Sepsis is responsible for 20% of global deaths and ranks as the costliest condition in United States hospitals, averaging approximately $46,000 per patient. Despite this, treatment options remain largely supportive, with hospitalised patient mortality at around 27% and intensive care patient mortality reaching 42%. Notably, mortality rates in the United States remained static between 1999 and 2022 [1]. While early recognition is thought to enhance survival, the evidence underpinning Early Warning Scores (EWS) is limited [2].
Experimental studies, such as those with Holstein cows, have illuminated the sequence of metabolic events during sepsis. The administration of lipopolysaccharide (LPS)—a component of gram-negative bacterial membranes—caused serum glucose levels to spike from 60 mg/dL (4 mmol/l) to 155 mg/dL (10 mmol/l) within 30 minutes, indicating acute insulin resistance. Subsequently, glucose levels dropped to a deficiency at 30 mg/dL (2 mmol/l) due to increased immune demand, necessitating glucose infusion to maintain euglycemia. This diversion of glucose to the immune system, away from tissues like the mammary glands—which exhibited an 80% reduction in milk production—demonstrates the body’s prioritisation of immune function during perceived threats, even without live microbes [3].
Further imaging studies using radiolabelled glucose and positron emission tomography in Dutch dwarf rabbits have shown a marked reduction in glucose uptake by most organs after LPS administration, with increased renal glucose uptake to support the immune system. This diversion leads to hypothermia, as limited glucose availability curtails less critical functions like thermogenesis [4].
Another critical change during sepsis is the inhibition of the mitochondrial pyruvate dehydrogenase complex (PDHC), driven by increased activity of PDK enzymes. This suppression of mitochondrial ATP production is corroborated by proteome analyses, which demonstrate elevated PDK and reduced PDHC levels during sepsis [5,6].

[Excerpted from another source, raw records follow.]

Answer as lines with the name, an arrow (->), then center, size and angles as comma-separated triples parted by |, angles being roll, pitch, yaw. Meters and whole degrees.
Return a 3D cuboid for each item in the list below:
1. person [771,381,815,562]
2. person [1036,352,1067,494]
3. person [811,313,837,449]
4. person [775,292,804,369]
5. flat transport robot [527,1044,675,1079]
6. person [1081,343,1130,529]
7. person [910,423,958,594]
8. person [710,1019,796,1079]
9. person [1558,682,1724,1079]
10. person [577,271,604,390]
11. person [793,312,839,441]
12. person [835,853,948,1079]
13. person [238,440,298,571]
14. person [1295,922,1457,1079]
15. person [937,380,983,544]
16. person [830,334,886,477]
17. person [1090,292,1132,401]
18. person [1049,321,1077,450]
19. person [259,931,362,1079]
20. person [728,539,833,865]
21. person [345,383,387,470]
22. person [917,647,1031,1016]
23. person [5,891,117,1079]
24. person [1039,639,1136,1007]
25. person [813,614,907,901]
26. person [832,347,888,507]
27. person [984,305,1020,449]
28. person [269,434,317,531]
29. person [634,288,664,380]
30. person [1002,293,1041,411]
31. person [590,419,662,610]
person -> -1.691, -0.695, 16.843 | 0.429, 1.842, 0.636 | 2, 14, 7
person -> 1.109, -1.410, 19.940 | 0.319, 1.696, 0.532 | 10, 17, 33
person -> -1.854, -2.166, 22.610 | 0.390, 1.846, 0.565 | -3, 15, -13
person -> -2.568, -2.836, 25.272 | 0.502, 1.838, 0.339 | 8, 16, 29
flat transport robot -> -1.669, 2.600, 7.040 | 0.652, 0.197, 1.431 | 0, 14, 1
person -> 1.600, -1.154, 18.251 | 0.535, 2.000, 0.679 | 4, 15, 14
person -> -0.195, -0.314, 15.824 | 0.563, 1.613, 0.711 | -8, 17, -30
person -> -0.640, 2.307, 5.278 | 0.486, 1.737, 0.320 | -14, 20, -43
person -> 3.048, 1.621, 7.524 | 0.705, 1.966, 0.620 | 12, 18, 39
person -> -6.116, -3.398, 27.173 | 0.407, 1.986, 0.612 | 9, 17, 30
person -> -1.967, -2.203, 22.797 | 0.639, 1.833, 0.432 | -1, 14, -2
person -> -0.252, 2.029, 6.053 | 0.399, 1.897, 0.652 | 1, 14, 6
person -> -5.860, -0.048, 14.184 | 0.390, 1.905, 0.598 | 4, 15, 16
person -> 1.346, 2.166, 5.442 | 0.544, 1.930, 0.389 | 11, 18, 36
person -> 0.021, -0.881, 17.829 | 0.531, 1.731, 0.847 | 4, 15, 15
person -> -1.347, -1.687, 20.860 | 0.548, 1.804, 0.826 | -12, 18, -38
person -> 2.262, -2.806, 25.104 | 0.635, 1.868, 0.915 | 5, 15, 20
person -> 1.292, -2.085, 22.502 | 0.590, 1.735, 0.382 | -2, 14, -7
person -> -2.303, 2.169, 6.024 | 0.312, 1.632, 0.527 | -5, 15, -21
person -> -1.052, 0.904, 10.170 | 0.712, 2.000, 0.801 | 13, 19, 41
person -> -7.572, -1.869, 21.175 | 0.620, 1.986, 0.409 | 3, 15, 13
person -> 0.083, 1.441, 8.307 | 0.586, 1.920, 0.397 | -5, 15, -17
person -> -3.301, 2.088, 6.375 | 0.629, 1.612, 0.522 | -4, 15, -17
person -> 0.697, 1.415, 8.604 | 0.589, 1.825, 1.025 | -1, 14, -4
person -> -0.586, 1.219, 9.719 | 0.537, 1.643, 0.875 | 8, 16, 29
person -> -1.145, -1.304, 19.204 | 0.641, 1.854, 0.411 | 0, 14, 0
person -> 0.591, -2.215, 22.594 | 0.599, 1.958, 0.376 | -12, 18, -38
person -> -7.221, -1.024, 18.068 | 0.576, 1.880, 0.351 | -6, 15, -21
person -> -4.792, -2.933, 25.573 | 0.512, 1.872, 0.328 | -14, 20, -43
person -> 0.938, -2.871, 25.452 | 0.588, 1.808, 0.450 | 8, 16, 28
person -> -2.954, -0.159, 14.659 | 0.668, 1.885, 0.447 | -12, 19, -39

The Hypermetabolic Phase of Sepsis

Immune activation during sepsis raises metabolic rates by 37–55%. Leucocyte numbers surge and migrate to sites of infection and tissue injury. Insulin resistance reduces glucose uptake by less essential organs, while the liver boosts glucose output and the kidneys increase glucose reabsorption. Adipose tissue releases more free fatty acids and glycerol, which are used as alternative fuels or substrates for hepatic glucose production. Skeletal muscle is catabolised to supply amino acids for gluconeogenesis, and ATP production via OXPHOS is suppressed [5,6].
In severe infections like malaria, hepatic glucose output can double from 200 to 400 g/day. Children, who have lower glycogen reserves than adults, are especially vulnerable to severe hypoglycaemia, which can increase mortality four to sixfold compared to children without hypoglycaemia [7,8].
Anaerobic glycolysis becomes the preferred ATP-producing pathway, particularly for immune cells, as it is capable of generating ATP 100 times faster than OXPHOS and functions effectively under anaerobic or ischaemic conditions characteristic of infected or damaged tissues. Other organs, including the kidneys and heart, also partially switch to glycolysis for ATP production. Unlike exercise-induced rises in lactate, which do not suppress OXPHOS or increase morbidity [9], sepsis-related lactate elevations are linked to high mortality [10].
In healthy organisms, 95% of cellular ATP is produced via mitochondrial OXPHOS, amounting to 100–150 moles or 25–40 kg per day [6].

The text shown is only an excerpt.